MATERIAL FOR THIS EXERCISE START
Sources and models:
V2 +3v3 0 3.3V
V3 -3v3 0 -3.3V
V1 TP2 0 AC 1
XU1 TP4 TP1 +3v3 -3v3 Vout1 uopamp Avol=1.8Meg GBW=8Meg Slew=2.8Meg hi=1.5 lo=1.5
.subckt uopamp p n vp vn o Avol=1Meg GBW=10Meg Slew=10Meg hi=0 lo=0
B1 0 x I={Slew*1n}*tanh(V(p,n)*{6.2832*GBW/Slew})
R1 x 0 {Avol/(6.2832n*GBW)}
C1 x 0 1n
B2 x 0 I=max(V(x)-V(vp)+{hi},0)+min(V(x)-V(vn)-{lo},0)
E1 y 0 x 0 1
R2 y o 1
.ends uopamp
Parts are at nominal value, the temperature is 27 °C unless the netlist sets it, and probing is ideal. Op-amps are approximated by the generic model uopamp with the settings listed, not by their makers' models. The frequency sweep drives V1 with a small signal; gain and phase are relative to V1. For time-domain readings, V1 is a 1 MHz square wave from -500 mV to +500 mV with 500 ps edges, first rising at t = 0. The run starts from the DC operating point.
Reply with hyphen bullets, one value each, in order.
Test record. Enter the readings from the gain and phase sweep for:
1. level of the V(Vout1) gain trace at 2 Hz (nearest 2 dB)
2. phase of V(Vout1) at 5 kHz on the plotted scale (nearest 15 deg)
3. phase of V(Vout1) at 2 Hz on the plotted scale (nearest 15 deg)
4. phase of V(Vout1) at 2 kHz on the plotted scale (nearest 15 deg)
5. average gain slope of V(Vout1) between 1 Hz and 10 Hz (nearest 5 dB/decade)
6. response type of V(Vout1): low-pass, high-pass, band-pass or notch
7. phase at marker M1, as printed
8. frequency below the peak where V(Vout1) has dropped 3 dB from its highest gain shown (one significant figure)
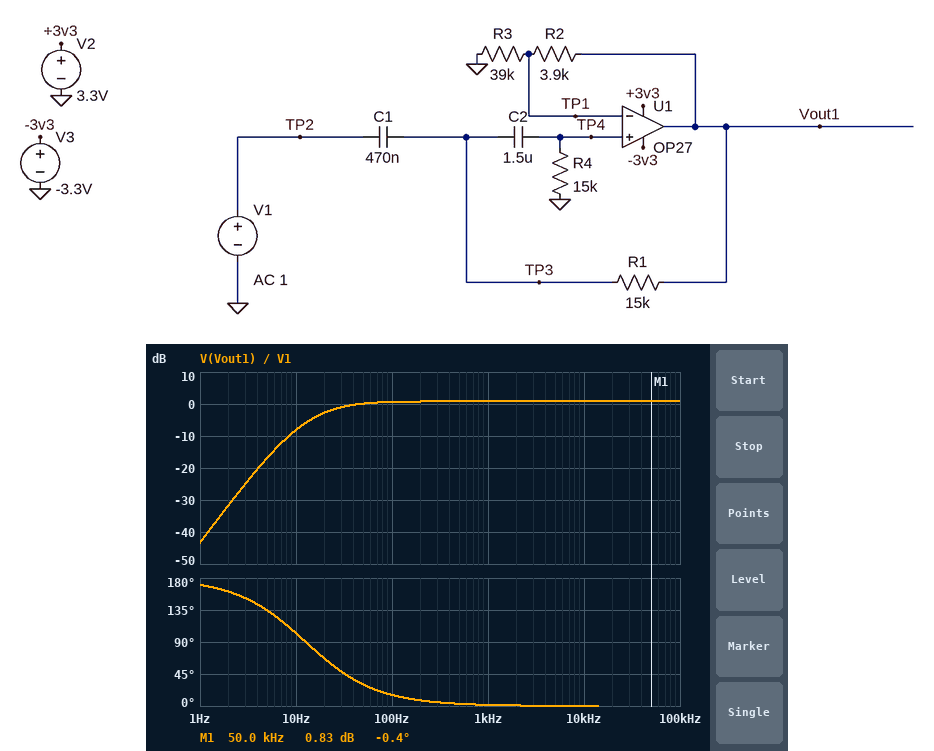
MATERIAL FOR THIS EXERCISE END
*BRIEF*: Leaving out the pictures, reproduce the whole listing above exactly.

*ANSWER SPACE*:
Sources and models:
V2 +3v3 0 3.3V
V3 -3v3 0 -3.3V
V1 TP2 0 AC 1
XU1 TP4 TP1 +3v3 -3v3 Vout1 uopamp Avol=1.8Meg GBW=8Meg Slew=2.8Meg hi=1.5 lo=1.5
.subckt uopamp p n vp vn o Avol=1Meg GBW=10Meg Slew=10Meg hi=0 lo=0
B1 0 x I={Slew*1n}*tanh(V(p,n)*{6.2832*GBW/Slew})
R1 x 0 {Avol/(6.2832n*GBW)}
C1 x 0 1n
B2 x 0 I=max(V(x)-V(vp)+{hi},0)+min(V(x)-V(vn)-{lo},0)
E1 y 0 x 0 1
R2 y o 1
.ends uopamp
Parts are at nominal value, the temperature is 27 °C unless the netlist sets it, and probing is ideal. Op-amps are approximated by the generic model uopamp with the settings listed, not by their makers' models. The frequency sweep drives V1 with a small signal; gain and phase are relative to V1. For time-domain readings, V1 is a 1 MHz square wave from -500 mV to +500 mV with 500 ps edges, first rising at t = 0. The run starts from the DC operating point.
Reply with hyphen bullets, one value each, in order.
Test record. Enter the readings from the gain and phase sweep for:
1. level of the V(Vout1) gain trace at 2 Hz (nearest 2 dB)
2. phase of V(Vout1) at 5 kHz on the plotted scale (nearest 15 deg)
3. phase of V(Vout1) at 2 Hz on the plotted scale (nearest 15 deg)
4. phase of V(Vout1) at 2 kHz on the plotted scale (nearest 15 deg)
5. average gain slope of V(Vout1) between 1 Hz and 10 Hz (nearest 5 dB/decade)
6. response type of V(Vout1): low-pass, high-pass, band-pass or notch
7. phase at marker M1, as printed
8. frequency below the peak where V(Vout1) has dropped 3 dB from its highest gain shown (one significant figure)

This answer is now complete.